─── EXTRACTED ENTRIES
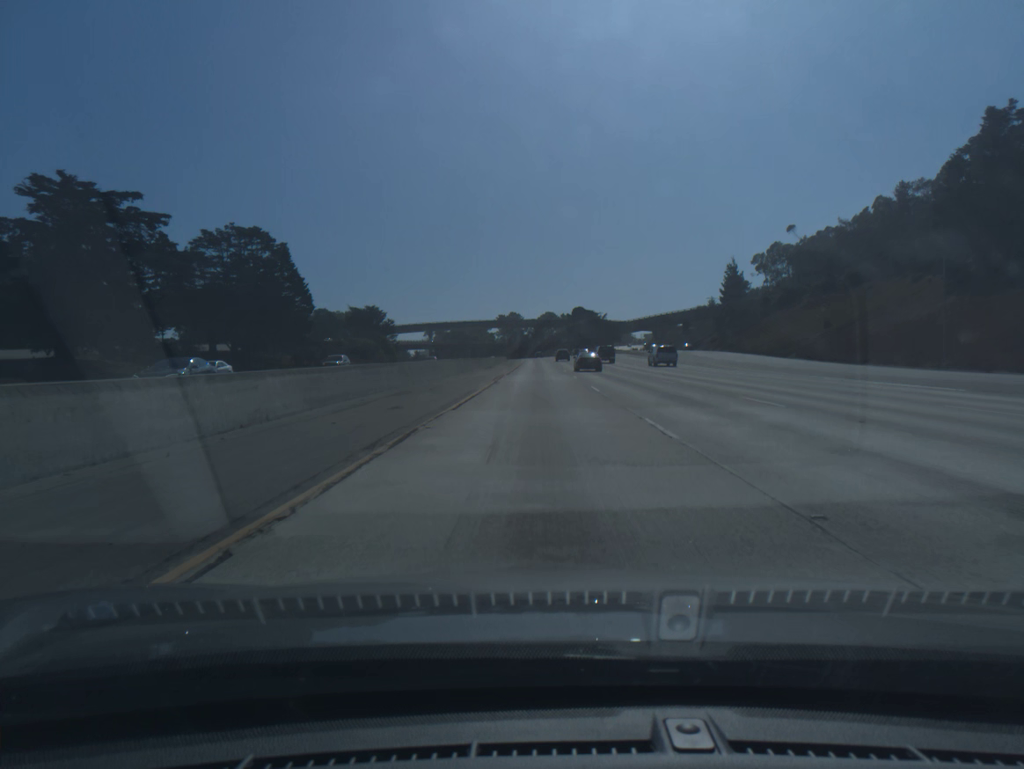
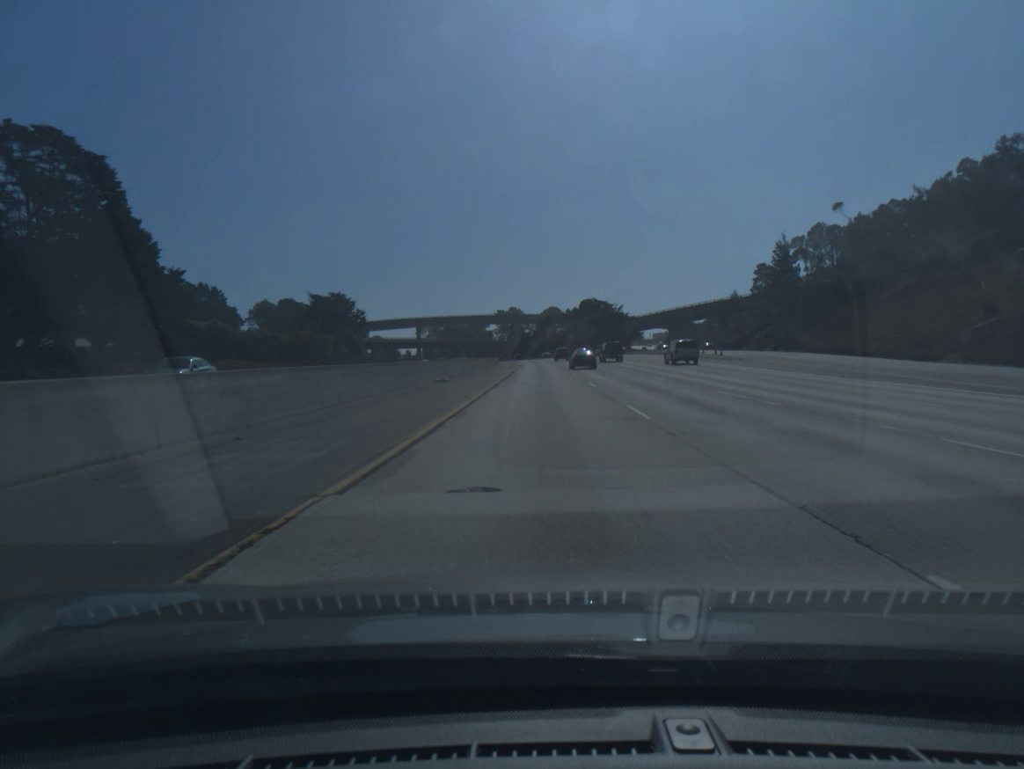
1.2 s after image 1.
(-0.1, +39.8) m; 0°
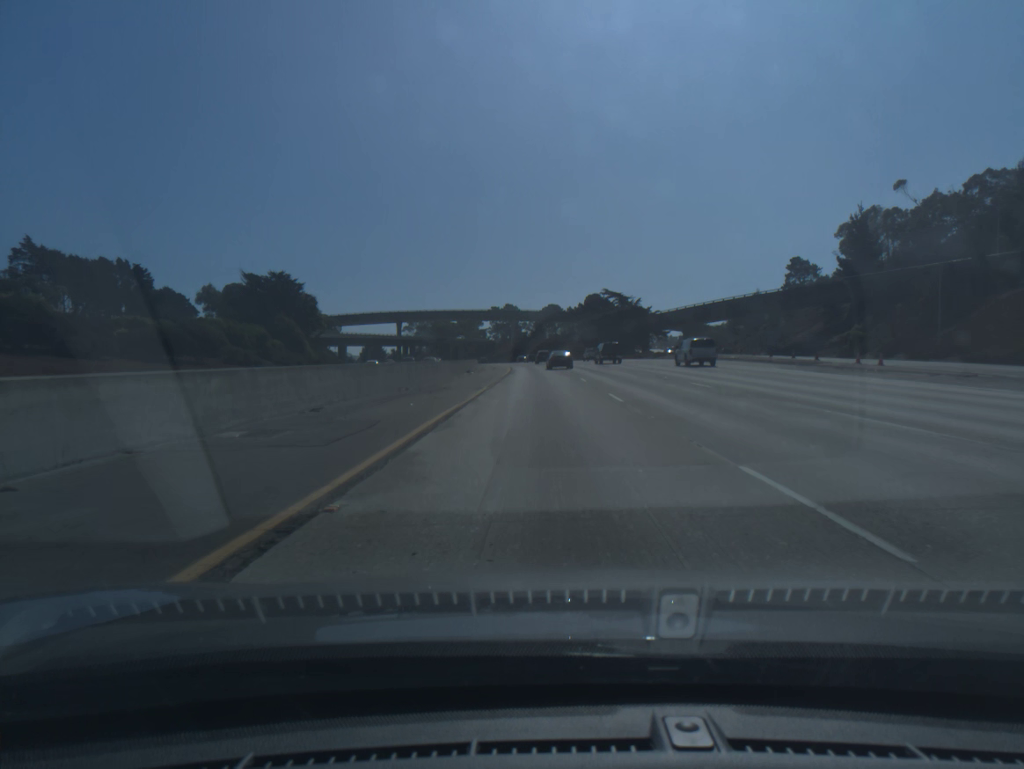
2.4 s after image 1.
(0.0, +39.8) m; 0°
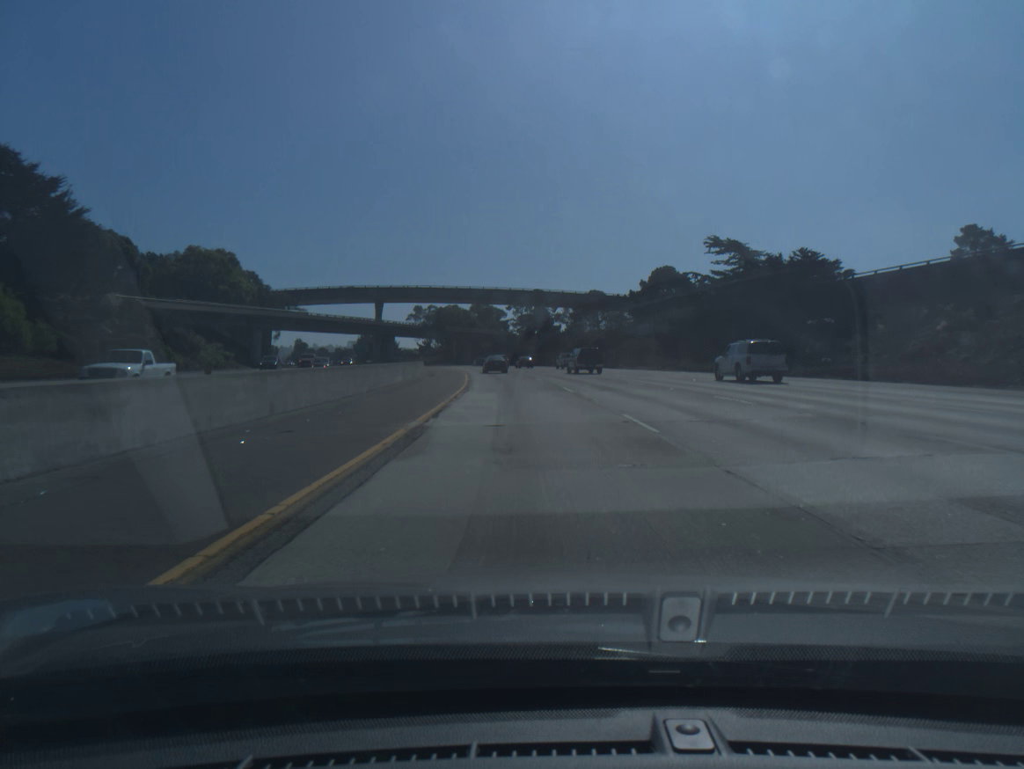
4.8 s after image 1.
(-0.7, +79.5) m; -2°
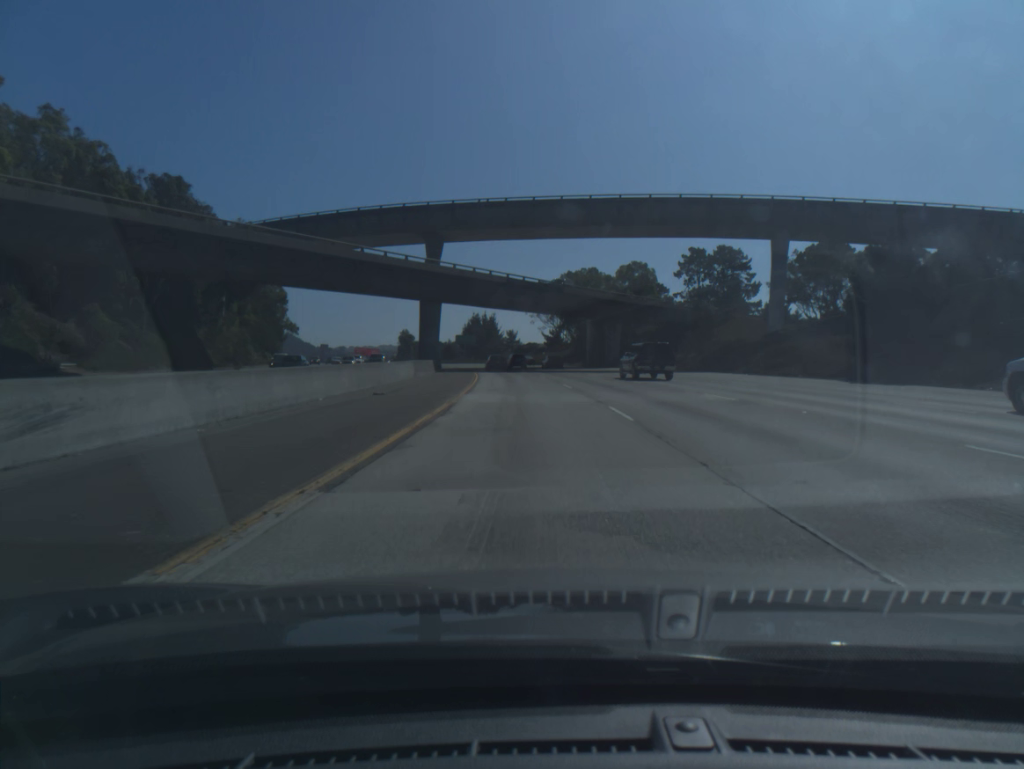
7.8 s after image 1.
(-8.8, +99.3) m; -10°
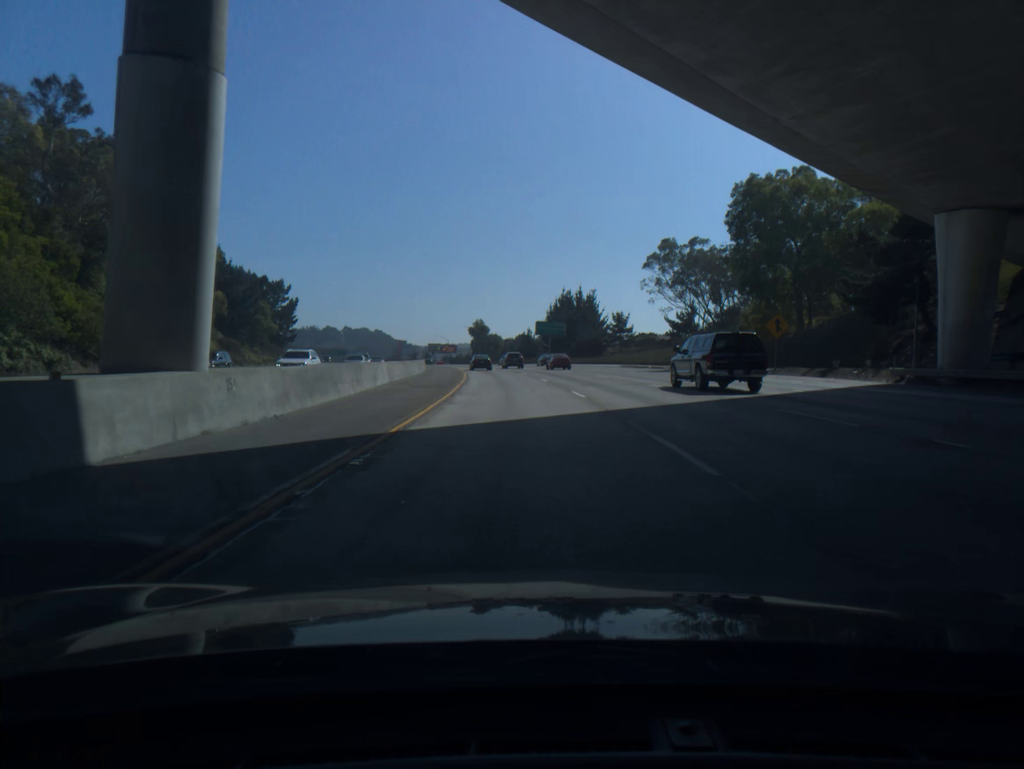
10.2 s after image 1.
(-4.7, +80.2) m; -7°
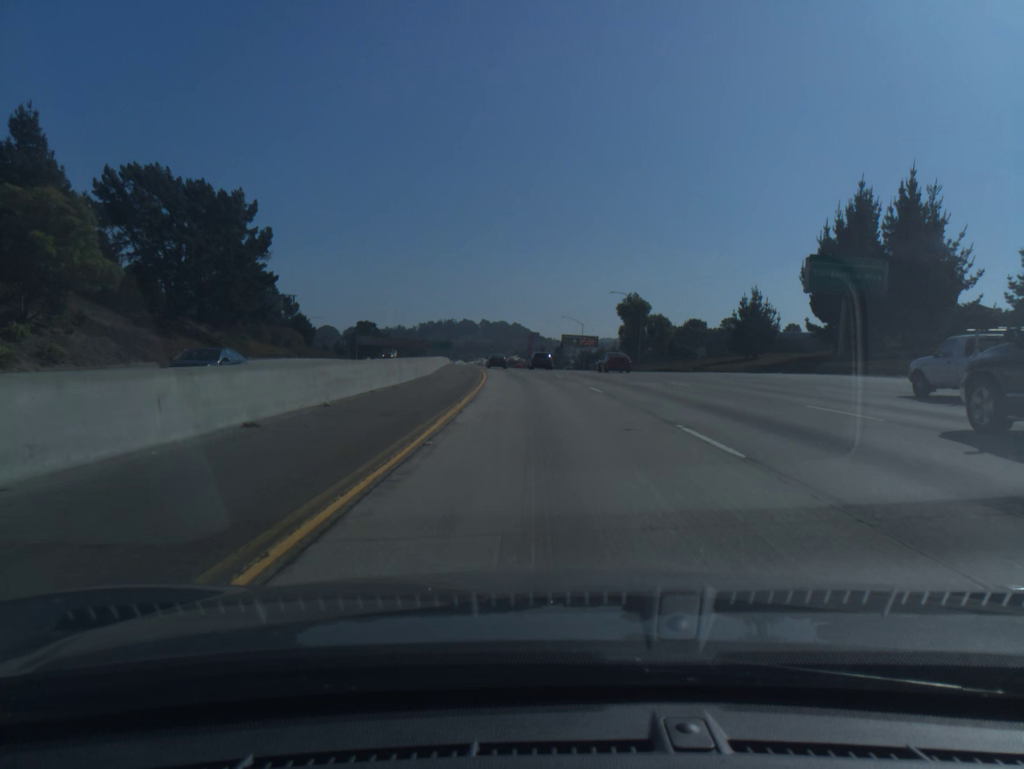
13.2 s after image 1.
(-9.4, +100.0) m; -10°
──────
> **ASSIGNMENT**
Copy out every line of the material above exactly, skipping the pictures.

> **ANSWER TO THE EXERCISE**
1.2 s after image 1.
(-0.1, +39.8) m; 0°
2.4 s after image 1.
(0.0, +39.8) m; 0°
4.8 s after image 1.
(-0.7, +79.5) m; -2°
7.8 s after image 1.
(-8.8, +99.3) m; -10°
10.2 s after image 1.
(-4.7, +80.2) m; -7°
13.2 s after image 1.
(-9.4, +100.0) m; -10°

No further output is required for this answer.